1 | Neural Network Regression Theory Neural Networks are incredibly powerful, but they are usually used for classification. Signals pass through layers of neurons and are generalized into one of several classes. However, they can be very quickly adapted into regression models by changing the last activation function. Each neuron passes values from the previous connection through an activation function, serving the purpose of generalization and nonlinearity. Usually, the activation function is something like the sigmoid function or the ReLU function: Source.But by substituting the last activation function (output neuron) with a linear activation function, the output can be mapped to a variety of values beyond fixed classes. This way, the output is not a probability of the input’s categorization into any one class but the continuous value that the neural network places the observation on. In this sense, it is like a neural network addition to a linear regression. Neural network regression has the advantage of nonlinearity (in addition to complexity), which can be introduced with sigmoid and other nonlinear activation functions earlier in the neural network. However, the excessive use of ReLU (Rectified Linear Unit) as an activation function may mean the model has a tendency to avoid outputting negative values, as ReLU ignores relative differences between negative values. This can either be solved by limiting the use of ReLU and adding more negative-value appropriate activation functions, or by normalizing the data to a strictly positive range before training. Implementation Using Keras, say we build the following Artificial Neural Network structure, although the same could be done with a Convolutional Neural Network or another network, as long as the last layer is either a dense layer with a linear activation or simply a linear activation layer. (Note that Keras imports are not loaded to conserve space.)

model = Sequential()
model.add(Dense(100, input_dim=3, activation='sigmoid'))
model.add(ReLU(alpha=1.0))
model.add(Dense(50, activation='sigmoid'))
model.add(ReLU(alpha=1.0))
model.add(Dense(25, activation='softmax'))#IMPORTANT PART
model.add(Dense(1, activation='linear'))

A problem in neural networks has always been its high variance and tendency to overfit. In the code example above, there are many sources of nonlinearity, like SoftMax or sigmoid. If your neural network performs well on the training data with a purely linear structure, it may be better to use a pruned decision tree regression, which emulates the linear and high-variance of the neural network but allows the data scientist more control over the depth, width, and other attributes to control over-fitting.

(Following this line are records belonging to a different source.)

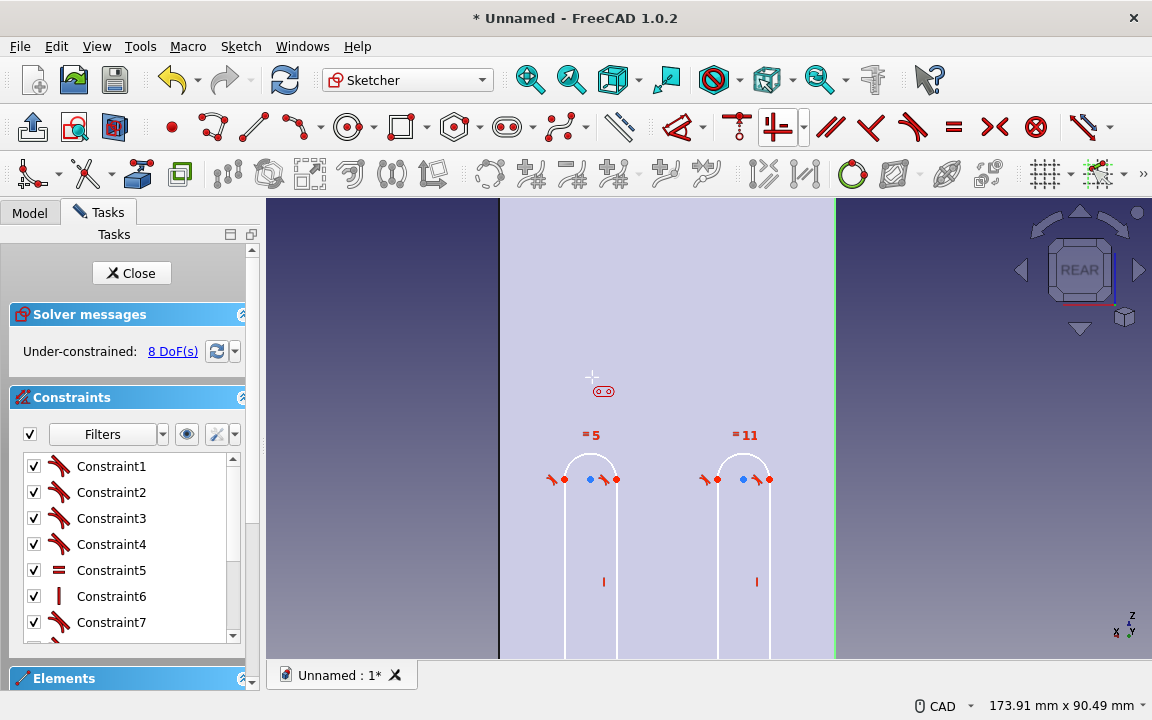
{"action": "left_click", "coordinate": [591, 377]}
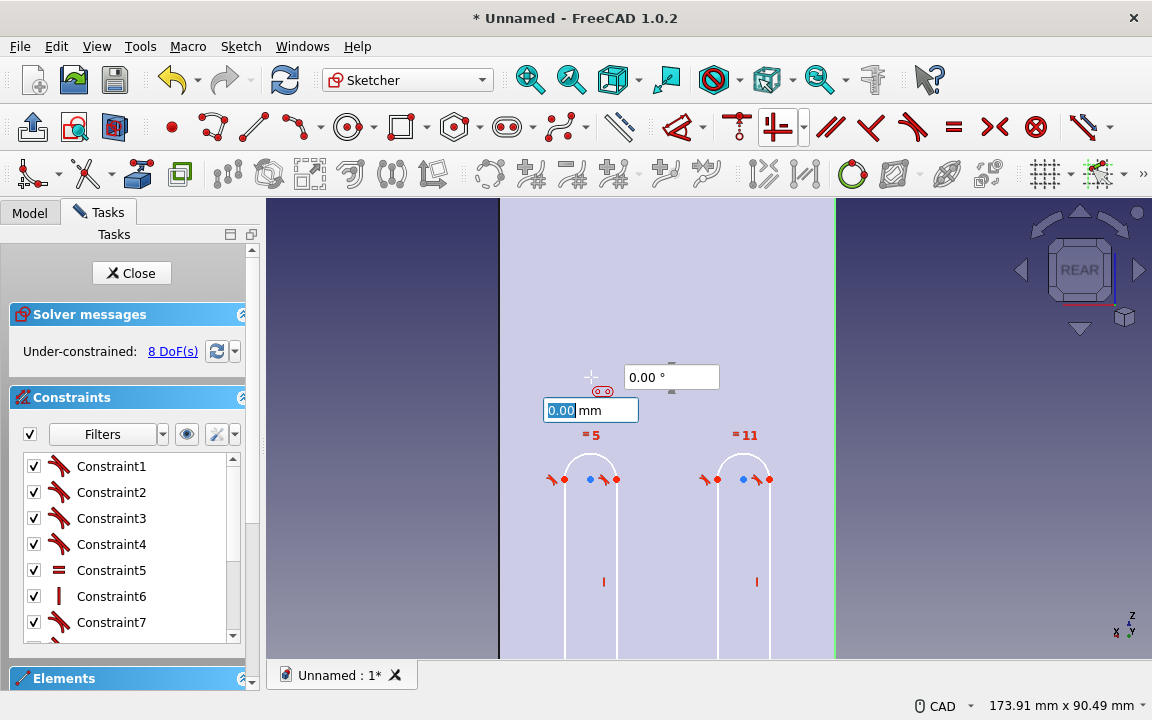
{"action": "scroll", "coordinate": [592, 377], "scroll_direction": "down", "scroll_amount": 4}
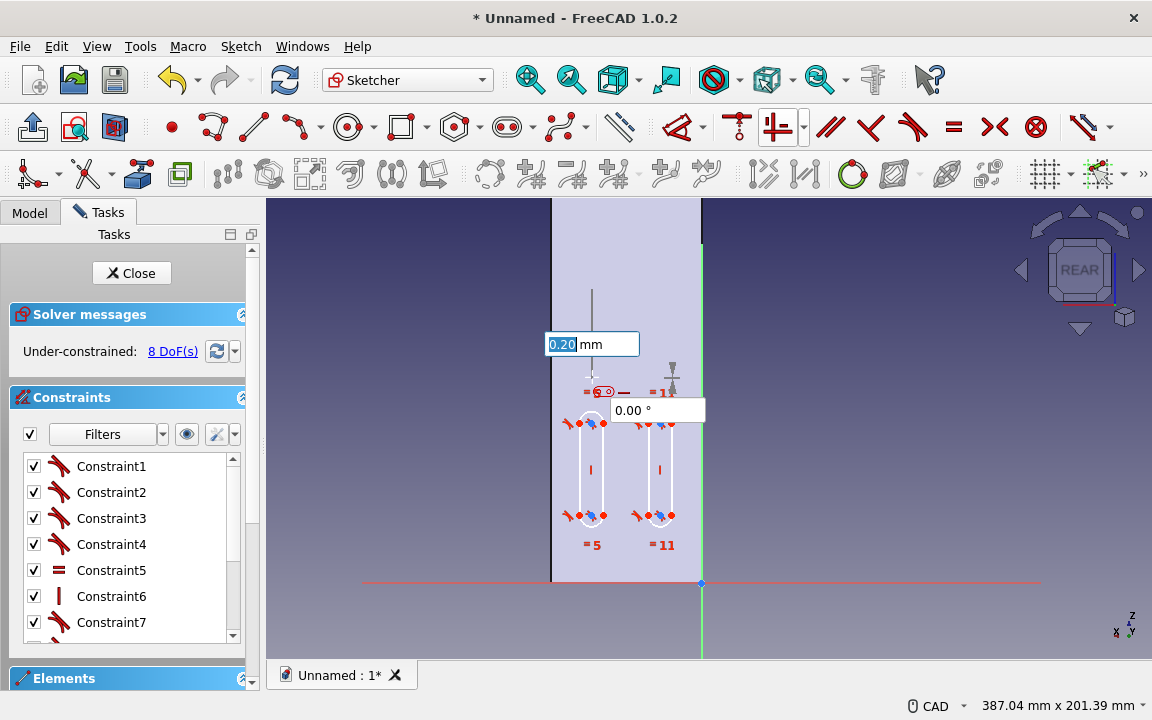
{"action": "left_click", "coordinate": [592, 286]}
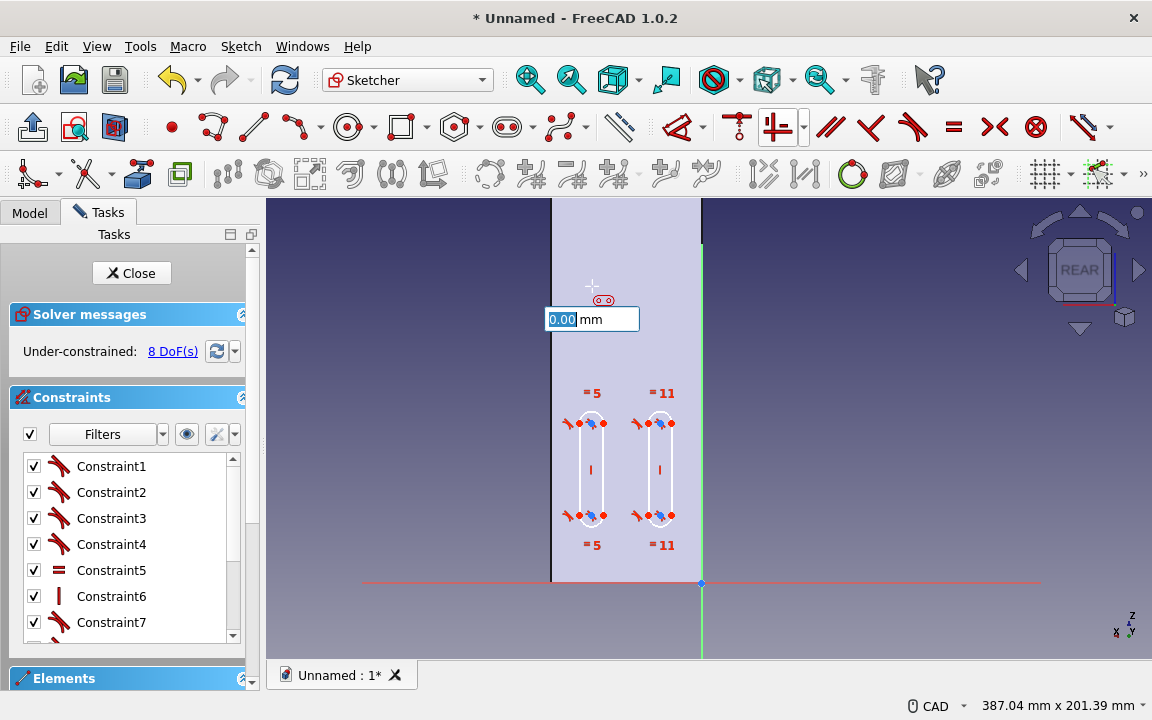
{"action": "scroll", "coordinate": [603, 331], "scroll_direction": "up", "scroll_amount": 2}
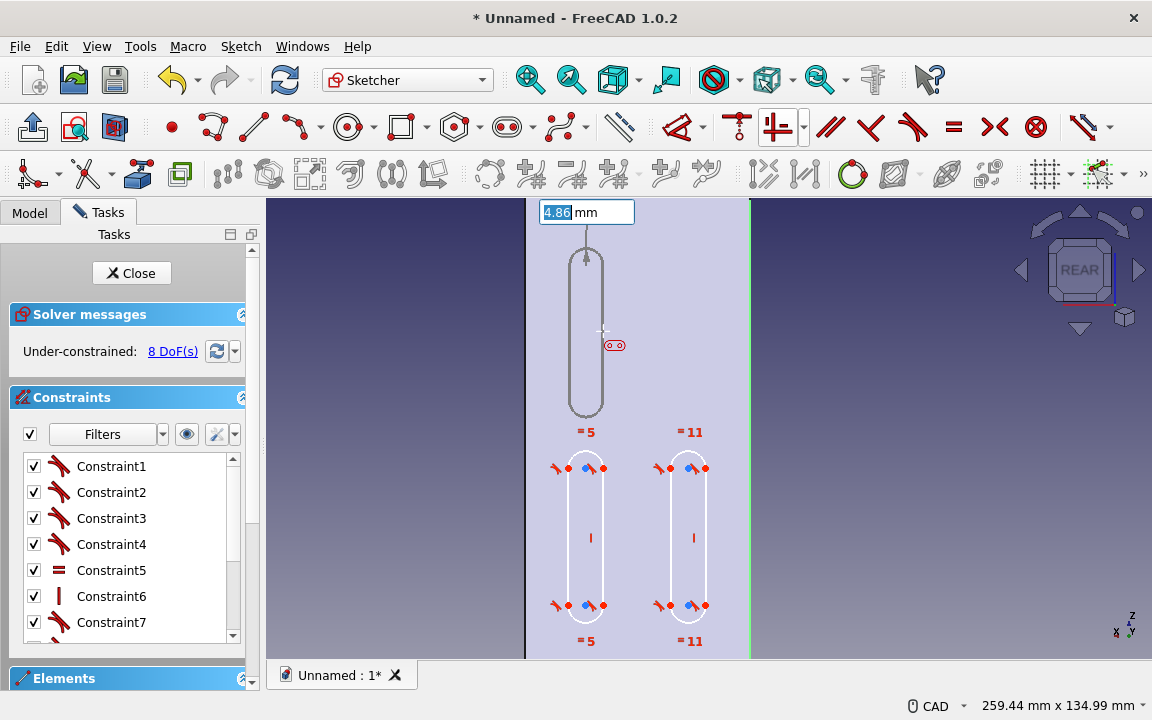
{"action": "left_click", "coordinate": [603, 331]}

2 | Decision Tree Regression Theory Decision trees in classification and regression are very similar, in that both work by constructing trees of yes/no nodes. However, while classification end nodes result in a single class value (for example, 1 or 0 for a binary classification problem), regression trees end with a continuous value (for example, 4593.49 or 10.98). Because of the specific and high-variance nature of regression simply as a machine learning task, decision tree regressors need to be pruned carefully. Yet the way it approaches regression is irregular — instead of calculating the value on a continuous scale, it arrives at set end nodes — and if the regressor is pruned too much, it has too few end nodes to properly achieve its task. Hence, a decision tree should be pruned such that it has the most freedom (possible output regression values — number of end nodes), but not enough such that it is too deep. If left unpruned, an already high-variance algorithm will skyrocket in overfitting complexity due to the nature of regression. Implementation Decision tree regression can easily be created in sklearn:

from sklearn.tree import DecisionTreeRegressor
model = DecisionTreeRegressor()
model.fit(X_train, y_train)

Because decision tree regressor parameters are so essential, it is recommended to use sklearn’s GridCV parameter search optimization tool to find the right guidelines for the model. When evaluating performance formally, use K-fold testing instead of standard train-test-split to avoid the randomness of the latter that may intrude with the delicate results of the high-variance model. Bonus: Decision Tree’s close relative, the Random Forest algorithm, can also be implemented as a regressor. A Random Forest regressor may or may not perform better than the decision tree in regression (while it usually performs better in classification), because of the delicate overfitting-underfitting balance in the nature of tree-constructing algorithms.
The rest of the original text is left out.